# Just Go MH Hire?



## KeithChesterfield (Mar 12, 2010)

Has anyone heard of and had experience of Just Go Motorhome hire at Flamstead in Hertfordshire - just off the M1?


----------



## Jumbocruiser (Aug 22, 2010)

My sister and her partner hired a transit based Scout from them for a European tour a couple of years ago and were very impressed.

The MH was very well equipped and they were very helpful to first timers.

At the time their prices were very competitive, and could well still be.


----------



## Hezbez (Feb 7, 2009)

Seen quite a few of their motorhomes out and about. Quite a lot up here in Scotland.


----------



## Jennifer (Mar 24, 2009)

I too have seen quite a few around, so am guessing they must be a good company


----------



## stevethebeekeeper (Jan 23, 2011)

I can not comment on GO MH Hire. However if you need a hire firm ner the M1. We used Amber Leisure at Luton and they have always been very good.


----------



## stewartwebr (May 27, 2005)

We had one parked next to us in Amsterdam a few weeks ago and Camping Zeeburg. It was certainly getting used with 6 young guys crammed into it.

I would hate to be the next user to hire it. For 3 days there was a constant reek of blue smoke coming from every window  :lol: 

I did a search on there website and was suprised at the cost of the hire.
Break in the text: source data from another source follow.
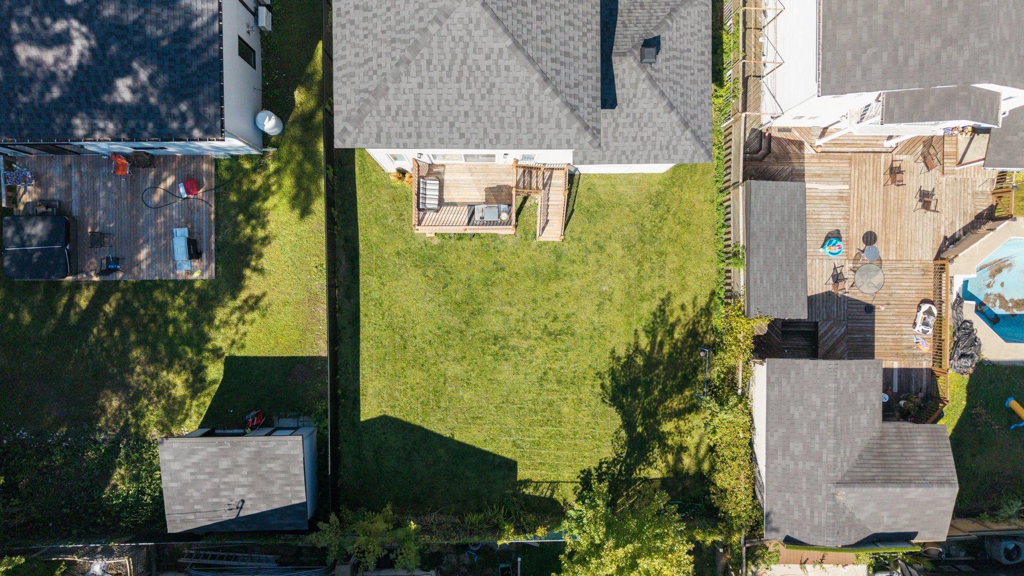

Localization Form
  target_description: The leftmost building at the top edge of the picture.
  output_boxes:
[0,0,264,156]
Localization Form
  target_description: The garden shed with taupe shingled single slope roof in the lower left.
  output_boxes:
[158,420,317,533]
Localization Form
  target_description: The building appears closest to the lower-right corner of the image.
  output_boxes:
[751,358,959,548]

For the a week in October it was 430GBP which I thought was reasonable.

The version they had was a nomad and was based on a transit. It was an 11 plate vehicle but already had a good few dents.


----------



## mandyandandy (Oct 1, 2006)

I think we came across the company on an Aire in Annecy at Easter this year. Nice spanking new one, got talking to what I thought was the hirer but turned out to be the Uncle of the owner. He goes across to Italy and then drives a van back for her with his wife and has a 10 day holiday thrown in for his trouble.

Lovely people and sounded like the company was doing amazingly well and had bought 34 new vans this year alone.
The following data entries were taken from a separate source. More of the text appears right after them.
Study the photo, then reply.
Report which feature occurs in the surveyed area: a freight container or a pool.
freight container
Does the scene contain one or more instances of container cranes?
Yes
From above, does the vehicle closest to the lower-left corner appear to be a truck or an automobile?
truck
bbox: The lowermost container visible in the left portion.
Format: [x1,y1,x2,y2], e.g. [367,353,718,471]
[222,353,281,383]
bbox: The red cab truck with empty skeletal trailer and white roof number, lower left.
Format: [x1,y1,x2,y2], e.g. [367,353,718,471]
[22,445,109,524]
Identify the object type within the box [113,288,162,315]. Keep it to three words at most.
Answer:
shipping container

I have a picture somewhere will check it and make sure it is same company but sure it was written on back of the van he had.

Mandy

Well looking at this it has got to be the same people, how clever of them.

http://www.justgo.uk.com/italy-offer.html


----------



## blongs (Jan 12, 2009)

My parents did the Italy run for them as well Easter 2010.

They drove from Skipton to nr Stansted. Left the car at the motorhome place. They and others were taken to Stansted and flown to Pisa and picked up at the other end.

They were taken to the motorhome factory to pick up the brand new van and had 10 days to get back to Calais to get the ferry the firm had booked.

It was a long day on the 1st day apparently and they ended up spending the 1st night in a hotel with the MH parked outside as they couldn't find the campsite they were heading for and it got dark to be messing around figuring out the van.

Getting lost is pretty normal for my parents on holdiays though, years of being a tugger when we were kids.

My mum and dad had never been in a motorhome except for me giving dad a little drive in mine before they went so he could feel the size etc.

Ben


----------



## teljoy (Jul 4, 2005)

KeithChesterfield said:


> Has anyone heard of and had experience of Just Go Motorhome hire at Flamstead in Hertfordshire - just off the M1?


Never hired one of their vans but do know the company. It's a reputable organisation. 
My connection is that I use a guy there who does my habitation work and any other bits I need. I've known him for a few years now and he always does good work. He is very competent and Gas Safe registered.
I consider him as a friend and he has always given me good advice.
I value someone I can rely on which is why I make the round trip to him from Essex.

His name is Mathew Jones on 01582 843860 at the same address.

Terry


----------